Please return each entry exactly as it appears, but not the pictures.

^^^^

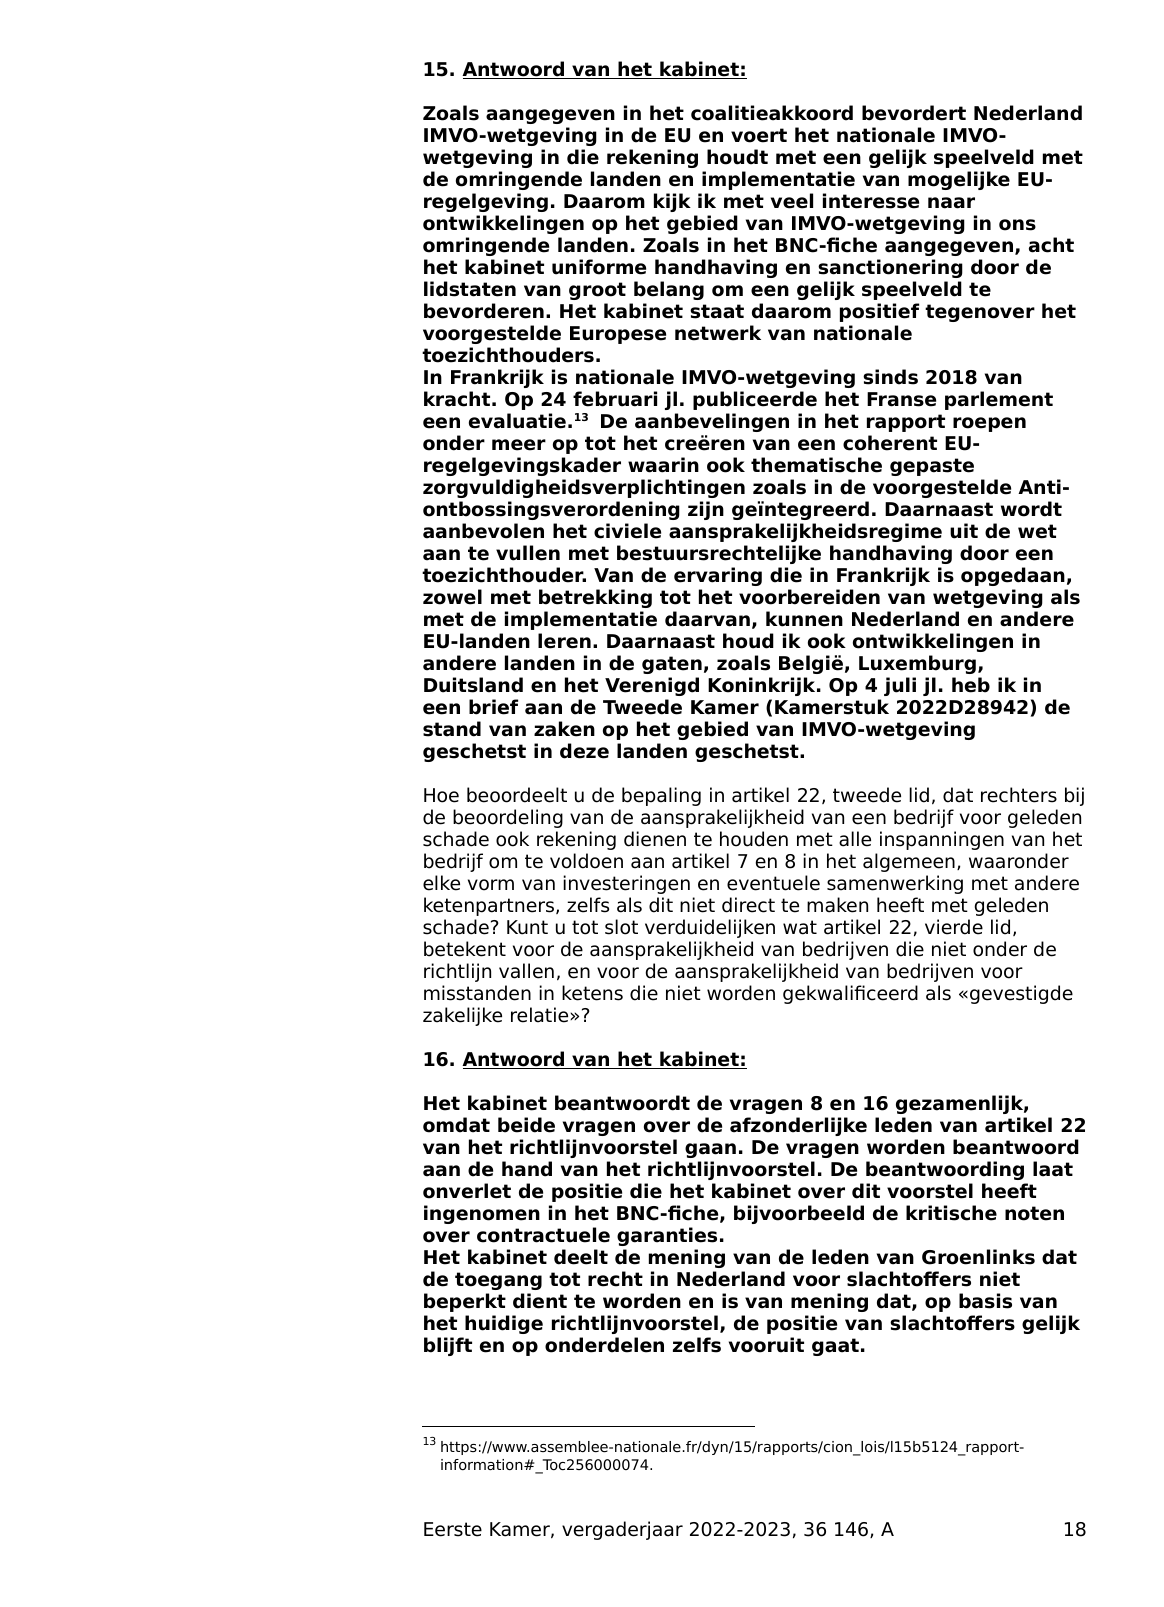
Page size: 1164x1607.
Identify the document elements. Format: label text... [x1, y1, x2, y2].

subtitle 15. Antwoord van het kabinet: [422, 59, 1087, 81]
text Het kabinet deelt de mening van de leden van Groenlinks dat de toegang tot recht in Nederland voor slachtoffers niet beperkt dient te worden en is van mening dat, op basis van het huidige richtlijnvoorstel, de positie van slachtoffers gelijk blijft en op onderdelen zelfs vooruit gaat. [422, 1247, 1087, 1357]
text Zoals aangegeven in het coalitieakkoord bevordert Nederland IMVO-wetgeving in de EU en voert het nationale IMVO-wetgeving in die rekening houdt met een gelijk speelveld met de omringende landen en implementatie van mogelijke EU-regelgeving. Daarom kijk ik met veel interesse naar ontwikkelingen op het gebied van IMVO-wetgeving in ons omringende landen. Zoals in het BNC-fiche aangegeven, acht het kabinet uniforme handhaving en sanctionering door de lidstaten van groot belang om een gelijk speelveld te bevorderen. Het kabinet staat daarom positief tegenover het voorgestelde Europese netwerk van nationale toezichthouders. [422, 103, 1087, 367]
text Hoe beoordeelt u de bepaling in artikel 22, tweede lid, dat rechters bij de beoordeling van de aansprakelijkheid van een bedrijf voor geleden schade ook rekening dienen te houden met alle inspanningen van het bedrijf om te voldoen aan artikel 7 en 8 in het algemeen, waaronder elke vorm van investeringen en eventuele samenwerking met andere ketenpartners, zelfs als dit niet direct te maken heeft met geleden schade? Kunt u tot slot verduidelijken wat artikel 22, vierde lid, betekent voor de aansprakelijkheid van bedrijven die niet onder de richtlijn vallen, en voor de aansprakelijkheid van bedrijven voor misstanden in ketens die niet worden gekwalificeerd als «gevestigde zakelijke relatie»? [422, 785, 1087, 1027]
text In Frankrijk is nationale IMVO-wetgeving sinds 2018 van kracht. Op 24 februari jl. publiceerde het Franse parlement een evaluatie. De aanbevelingen in het rapport roepen onder meer op tot het creëren van een coherent EU-regelgevingskader waarin ook thematische gepaste zorgvuldigheidsverplichtingen zoals in de voorgestelde Anti-ontbossingsverordening zijn geïntegreerd. Daarnaast wordt aanbevolen het civiele aansprakelijkheidsregime uit de wet aan te vullen met bestuursrechtelijke handhaving door een toezichthouder. Van de ervaring die in Frankrijk is opgedaan, zowel met betrekking tot het voorbereiden van wetgeving als met de implementatie daarvan, kunnen Nederland en andere EU-landen leren. Daarnaast houd ik ook ontwikkelingen in andere landen in de gaten, zoals België, Luxemburg, Duitsland en het Verenigd Koninkrijk. Op 4 juli jl. heb ik in een brief aan de Tweede Kamer (Kamerstuk 2022D28942) de stand van zaken op het gebied van IMVO-wetgeving geschetst in deze landen geschetst. [422, 367, 1087, 763]
subtitle 16. Antwoord van het kabinet: [422, 1049, 1087, 1071]
text Het kabinet beantwoordt de vragen 8 en 16 gezamenlijk, omdat beide vragen over de afzonderlijke leden van artikel 22 van het richtlijnvoorstel gaan. De vragen worden beantwoord aan de hand van het richtlijnvoorstel. De beantwoording laat onverlet de positie die het kabinet over dit voorstel heeft ingenomen in het BNC-fiche, bijvoorbeeld de kritische noten over contractuele garanties. [422, 1093, 1087, 1247]
text https://www.assemblee-nationale.fr/dyn/15/rapports/cion_lois/l15b5124_rapport-information#_Toc256000074. [422, 1435, 1087, 1474]

^^^^

ANSWER SECTION:
Page size: 1164x1607.
Identify the document elements. Format: label text... [x1, y1, x2, y2].

subtitle 15. Antwoord van het kabinet: [422, 59, 1087, 81]
text Het kabinet deelt de mening van de leden van Groenlinks dat de toegang tot recht in Nederland voor slachtoffers niet beperkt dient te worden en is van mening dat, op basis van het huidige richtlijnvoorstel, de positie van slachtoffers gelijk blijft en op onderdelen zelfs vooruit gaat. [422, 1247, 1087, 1357]
text Zoals aangegeven in het coalitieakkoord bevordert Nederland IMVO-wetgeving in de EU en voert het nationale IMVO-wetgeving in die rekening houdt met een gelijk speelveld met de omringende landen en implementatie van mogelijke EU-regelgeving. Daarom kijk ik met veel interesse naar ontwikkelingen op het gebied van IMVO-wetgeving in ons omringende landen. Zoals in het BNC-fiche aangegeven, acht het kabinet uniforme handhaving en sanctionering door de lidstaten van groot belang om een gelijk speelveld te bevorderen. Het kabinet staat daarom positief tegenover het voorgestelde Europese netwerk van nationale toezichthouders. [422, 103, 1087, 367]
text Hoe beoordeelt u de bepaling in artikel 22, tweede lid, dat rechters bij de beoordeling van de aansprakelijkheid van een bedrijf voor geleden schade ook rekening dienen te houden met alle inspanningen van het bedrijf om te voldoen aan artikel 7 en 8 in het algemeen, waaronder elke vorm van investeringen en eventuele samenwerking met andere ketenpartners, zelfs als dit niet direct te maken heeft met geleden schade? Kunt u tot slot verduidelijken wat artikel 22, vierde lid, betekent voor de aansprakelijkheid van bedrijven die niet onder de richtlijn vallen, en voor de aansprakelijkheid van bedrijven voor misstanden in ketens die niet worden gekwalificeerd als «gevestigde zakelijke relatie»? [422, 785, 1087, 1027]
text In Frankrijk is nationale IMVO-wetgeving sinds 2018 van kracht. Op 24 februari jl. publiceerde het Franse parlement een evaluatie. De aanbevelingen in het rapport roepen onder meer op tot het creëren van een coherent EU-regelgevingskader waarin ook thematische gepaste zorgvuldigheidsverplichtingen zoals in de voorgestelde Anti-ontbossingsverordening zijn geïntegreerd. Daarnaast wordt aanbevolen het civiele aansprakelijkheidsregime uit de wet aan te vullen met bestuursrechtelijke handhaving door een toezichthouder. Van de ervaring die in Frankrijk is opgedaan, zowel met betrekking tot het voorbereiden van wetgeving als met de implementatie daarvan, kunnen Nederland en andere EU-landen leren. Daarnaast houd ik ook ontwikkelingen in andere landen in de gaten, zoals België, Luxemburg, Duitsland en het Verenigd Koninkrijk. Op 4 juli jl. heb ik in een brief aan de Tweede Kamer (Kamerstuk 2022D28942) de stand van zaken op het gebied van IMVO-wetgeving geschetst in deze landen geschetst. [422, 367, 1087, 763]
subtitle 16. Antwoord van het kabinet: [422, 1049, 1087, 1071]
text Het kabinet beantwoordt de vragen 8 en 16 gezamenlijk, omdat beide vragen over de afzonderlijke leden van artikel 22 van het richtlijnvoorstel gaan. De vragen worden beantwoord aan de hand van het richtlijnvoorstel. De beantwoording laat onverlet de positie die het kabinet over dit voorstel heeft ingenomen in het BNC-fiche, bijvoorbeeld de kritische noten over contractuele garanties. [422, 1093, 1087, 1247]
text https://www.assemblee-nationale.fr/dyn/15/rapports/cion_lois/l15b5124_rapport-information#_Toc256000074. [422, 1435, 1087, 1474]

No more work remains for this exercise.